Golf has remained a big part of their family, especially for Ally. Mature beyond her years, ever since she committed to the game after that missed cut at 12, her life has transformed.
She gave up dancing and ironed out a more productive golf schedule, and home-schooling with her mother gave her flexibility. Most days she’d be up early with homework before arriving at Oak Pointe Country Club in Brighton, Mich., around 10 a.m. She’d practice until lunch time. Depending on how old Ally was, sometimes her mom was there for lunch, sometimes she’d drive up the road and drop it off and, sometimes, she’d surprise her daughter with books and homework to review. Ally would return to the course and practice until about 4 p.m. — around the time the after-work crowd busied up her office. When she got home, school was in session. All of the Geer girls were home-schooled when they were younger and had the option to choose where to go next. Ally was the only one who decided to stay home-schooled, which allowed her more time to travel and play golf. Schoolwork traveled as well, as she often hit the books with her mom or dad while at hotels between tournament rounds.
Victories piled up, and she committed to Michigan State after her eighth-grade year. She won the 2015 and 2016 Michigan State Amateur Championships — becoming the youngest player in the last 23 years to repeat — and enrolled at MSU early, where she was named Big Ten Freshman of the Year in just half a season.
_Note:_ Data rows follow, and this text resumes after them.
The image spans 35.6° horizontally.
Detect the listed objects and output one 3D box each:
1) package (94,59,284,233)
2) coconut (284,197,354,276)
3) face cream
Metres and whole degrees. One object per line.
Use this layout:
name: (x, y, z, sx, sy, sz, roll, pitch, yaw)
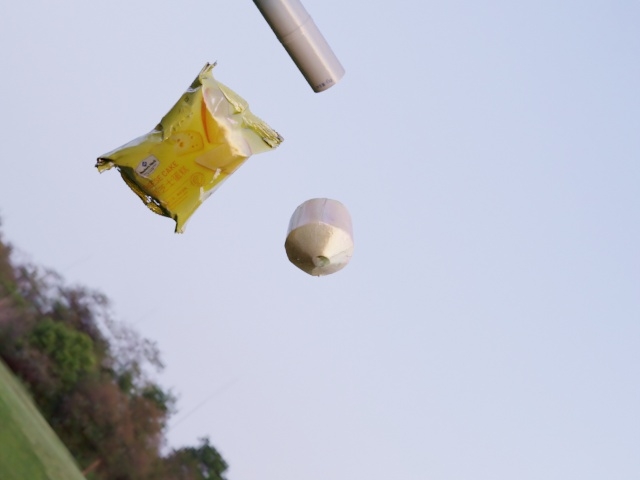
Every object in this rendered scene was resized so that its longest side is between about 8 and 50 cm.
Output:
package: (-0.179, -0.126, 1.385, 0.168, 0.226, 0.090, 44, 5, -22)
coconut: (0.000, 0.000, 1.671, 0.122, 0.116, 0.116, -84, 155, -54)
face cream: (-0.049, -0.398, 1.872, 0.250, 0.077, 0.077, 54, -20, -25)

As a sophomore she recorded the second-lowest single-season scoring average in school history (71.61).
Now a junior on the Spartans women’s golf team, Geer-Park talked with her coach about the possibility of playing in the ANWA when it was announced last year, but they both knew she needed to improve her ranking. She then went out and won the first event of the fall. (Her second victory of the season came on Tuesday at the Briar’s Creek Invitational when she shot a 13-under 203 — MSU’s lowest 54-hole tournament score in program history.)
She was in one of her communications classes in January when her phone erupted.
“My mom was just blowing up my phone saying, ‘I got a green envelope and [the invite] is here,” Geer-Park, 20, says. “I said, OK, don’t open it. So I went home the next day and opened it up and it was just crazy seeing the golf seal and everything. I cried a little bit the next day when it all kind of sunk in, just talking with my coach. I was just so excited when I initially saw it.”
“It’s just this green, bifold, beautiful package with the Augusta National emblem embedded into it, and that was just a great moment as a parent,” Brad says. “We were just extremely happy for her.”
While some ANWA competitors will elect to use club caddies on their bag if they make it to the final round at Augusta, Ally will enlist her husband. She wed former Eastern Michigan golfer Nick Park on Aug. 4, 2018, 12 days before she turned 20 and a day before catching a flight to the U.S. Women’s Amateur. Nick has caddied for Ally in her LPGA and Symetra tour sponsor’s invites.
“He’s the most supportive person with what I do and understands my schedule, and he traveled obviously with college and I travel,” Ally says. “It’s awesome. We make a great team, on and off the golf course.”
He’s also pumped to get to Augusta.
“I don’t know who is going to have a bigger smile on their face, her or her husband,” Brad says.
As for Ally? She’s excited to be among the group who will make history in the inaugural event.
“I think the nerves are going to be there,” Ally says. “When I’m standing on the first tee, I’ll know where I am and I’ll know what this tournament means. But at the end of the day, it really is just another drive.”